* _EXERCISE_: Beginning with the line that has "#ifndef TONY_TONE_H", write out each line down to the end of the records below exactly, and include no pictures.

[Records contained in a dataset]

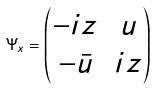Convert formula to latex. <formula><loc_0><loc_0><loc_500><loc_500>\Psi _ { x } = \left ( \begin{matrix} - i z & u \\ - \bar { u } & i z \end{matrix} \right )</formula> 
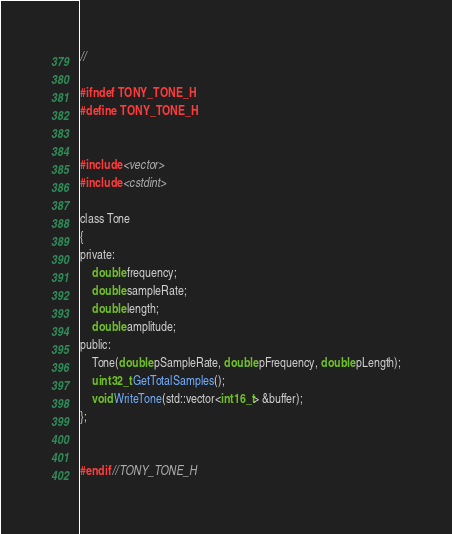Convert code to text. <code><loc_0><loc_0><loc_500><loc_500><_C_>//

#ifndef TONY_TONE_H
#define TONY_TONE_H


#include <vector>
#include <cstdint>

class Tone
{
private:
    double frequency;
    double sampleRate;
    double length;
    double amplitude;
public:
    Tone(double pSampleRate, double pFrequency, double pLength);
    uint32_t GetTotalSamples();
    void WriteTone(std::vector<int16_t> &buffer);
};


#endif //TONY_TONE_H
</code> 
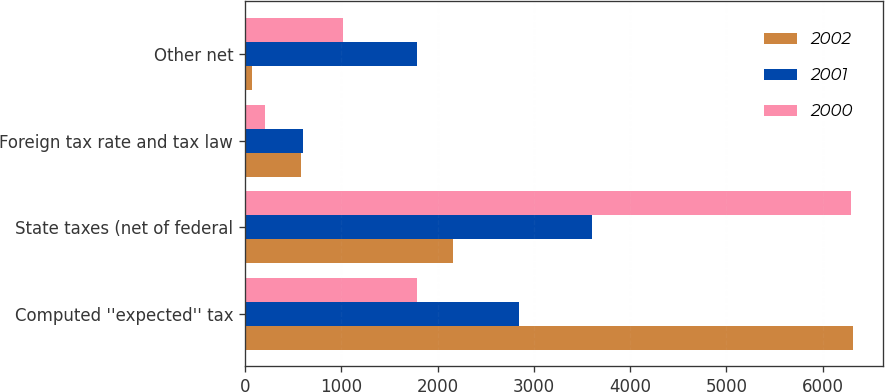Convert chart to OTSL. <chart><loc_0><loc_0><loc_500><loc_500><stacked_bar_chart><ecel><fcel>Computed ''expected'' tax<fcel>State taxes (net of federal<fcel>Foreign tax rate and tax law<fcel>Other net<nl><fcel>2002<fcel>6311<fcel>2157<fcel>586<fcel>70<nl><fcel>2001<fcel>2846<fcel>3601<fcel>598<fcel>1785<nl><fcel>2000<fcel>1785<fcel>6297<fcel>209<fcel>1015<nl></chart>

* _SOLUTION TO THIS PROBLEM_:
#ifndef TONY_TONE_H
#define TONY_TONE_H


#include <vector>
#include <cstdint>

class Tone
{
private:
    double frequency;
    double sampleRate;
    double length;
    double amplitude;
public:
    Tone(double pSampleRate, double pFrequency, double pLength);
    uint32_t GetTotalSamples();
    void WriteTone(std::vector<int16_t> &buffer);
};


#endif //TONY_TONE_H
</code> 
Convert chart to OTSL. <chart><loc_0><loc_0><loc_500><loc_500><stacked_bar_chart><ecel><fcel>Computed ''expected'' tax<fcel>State taxes (net of federal<fcel>Foreign tax rate and tax law<fcel>Other net<nl><fcel>2002<fcel>6311<fcel>2157<fcel>586<fcel>70<nl><fcel>2001<fcel>2846<fcel>3601<fcel>598<fcel>1785<nl><fcel>2000<fcel>1785<fcel>6297<fcel>209<fcel>1015<nl></chart>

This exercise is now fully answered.